* Action item *
Your reply is to be the lines below, exactly as written, with images omitted.

* Data shown *
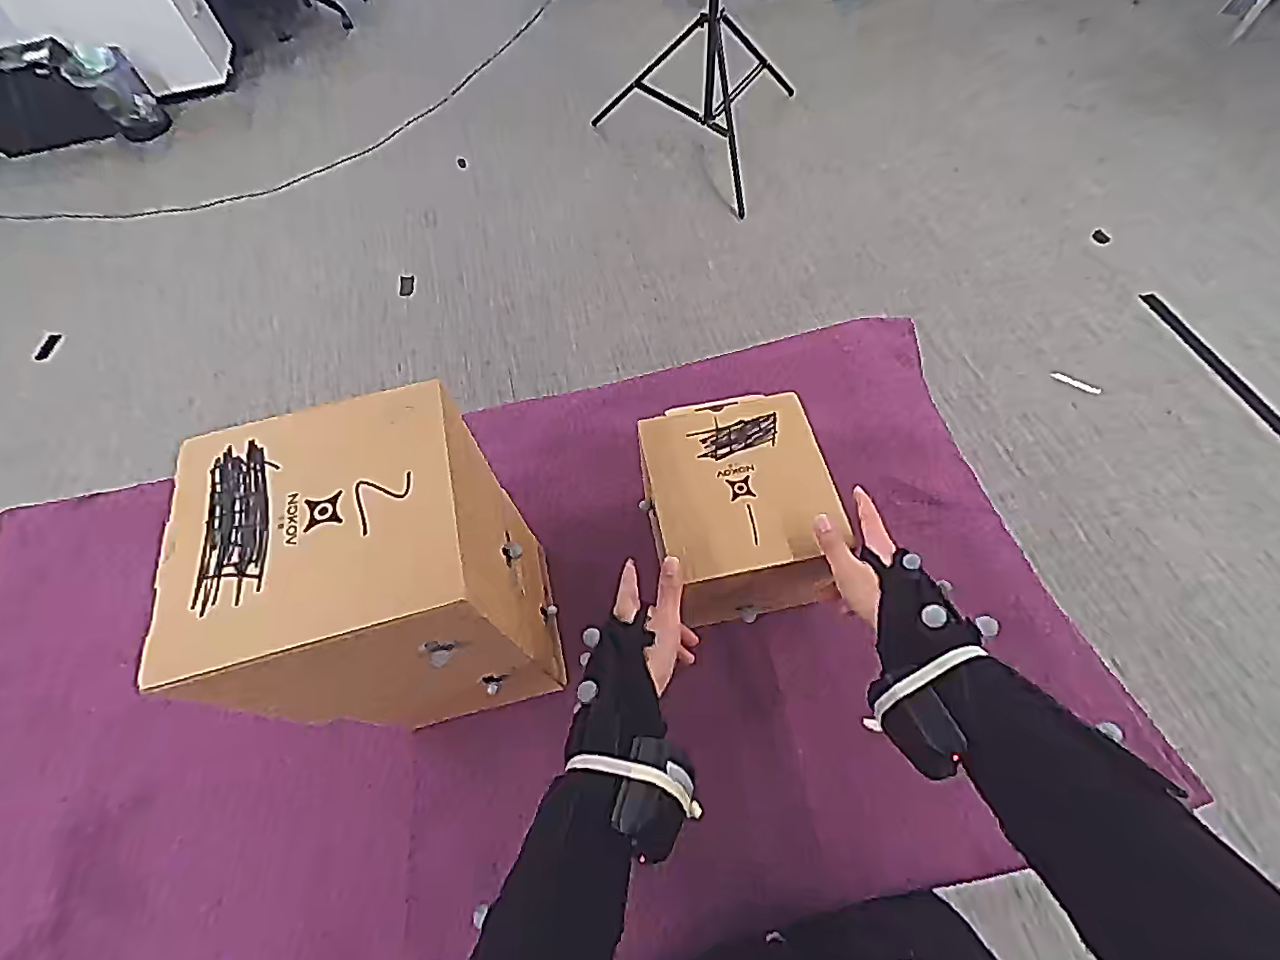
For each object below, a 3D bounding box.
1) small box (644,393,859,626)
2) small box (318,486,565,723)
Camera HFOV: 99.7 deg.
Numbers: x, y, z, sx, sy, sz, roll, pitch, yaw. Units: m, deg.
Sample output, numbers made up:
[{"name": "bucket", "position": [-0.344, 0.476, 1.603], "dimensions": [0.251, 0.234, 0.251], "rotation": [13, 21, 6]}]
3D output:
[{"name": "small box", "position": [0.099, 0.037, 0.573], "dimensions": [0.168, 0.176, 0.179], "rotation": [-11, 62, -2]}, {"name": "small box", "position": [-0.187, 0.133, 0.544], "dimensions": [0.179, 0.176, 0.168], "rotation": [-14, 61, -4]}]
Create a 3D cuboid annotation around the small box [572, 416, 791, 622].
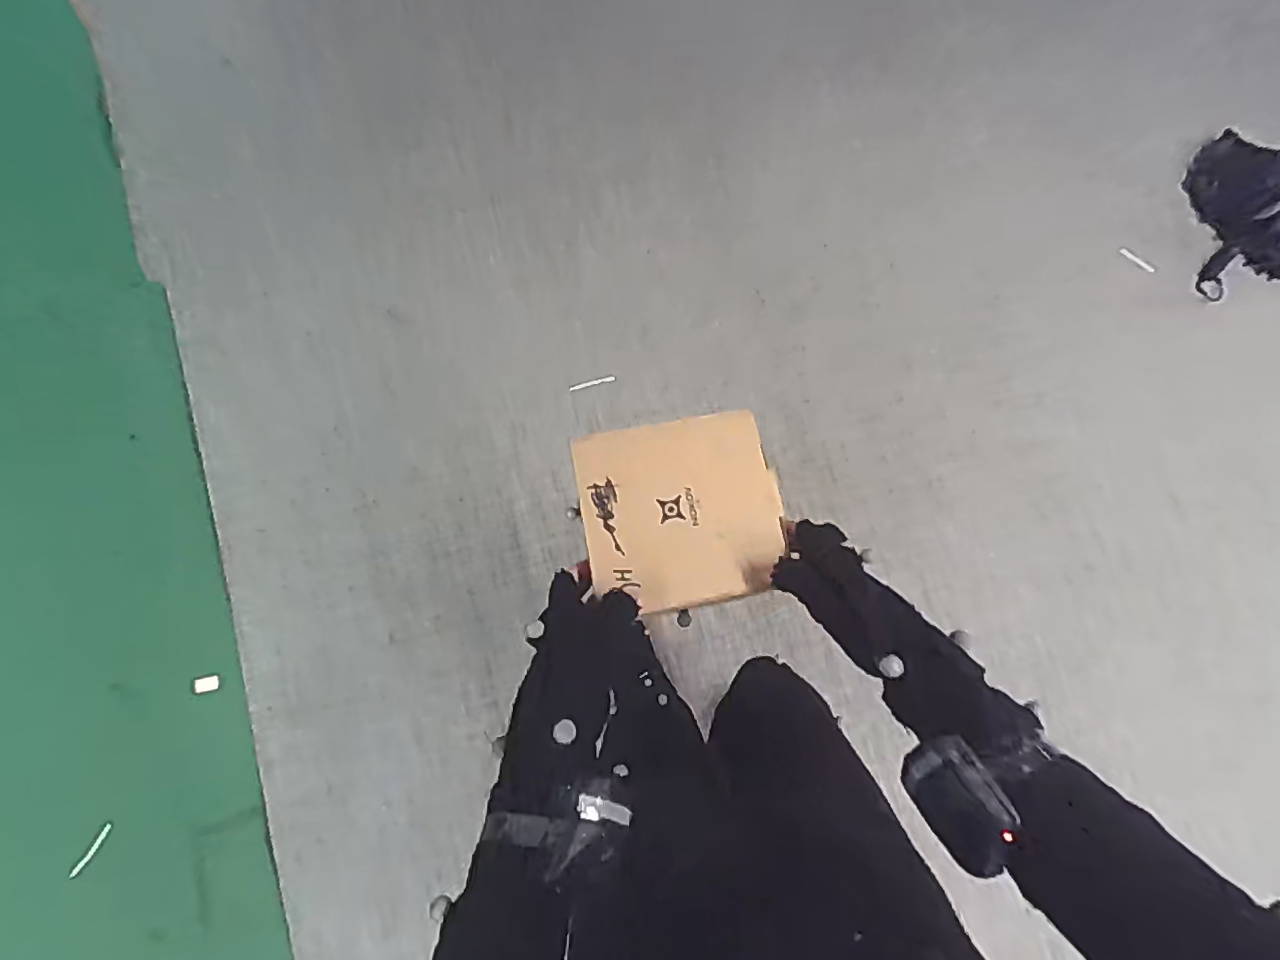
[{"bbox_3d":[0.029,0.049,0.562,0.179,0.176,0.168,-9,75,-7],"label":"small box"}]

* Solution below *
For each object below, a 3D bounding box.
1) small box (644,393,859,626)
2) small box (318,486,565,723)
Camera HFOV: 99.7 deg.
Numbers: x, y, z, sx, sy, sz, roll, pitch, yaw. Units: m, deg.
Sample output, numbers made up:
[{"name": "bucket", "position": [-0.344, 0.476, 1.603], "dimensions": [0.251, 0.234, 0.251], "rotation": [13, 21, 6]}]
3D output:
[{"name": "small box", "position": [0.099, 0.037, 0.573], "dimensions": [0.168, 0.176, 0.179], "rotation": [-11, 62, -2]}, {"name": "small box", "position": [-0.187, 0.133, 0.544], "dimensions": [0.179, 0.176, 0.168], "rotation": [-14, 61, -4]}]
Create a 3D cuboid annotation around the small box [572, 416, 791, 622].
[{"bbox_3d":[0.029,0.049,0.562,0.179,0.176,0.168,-9,75,-7],"label":"small box"}]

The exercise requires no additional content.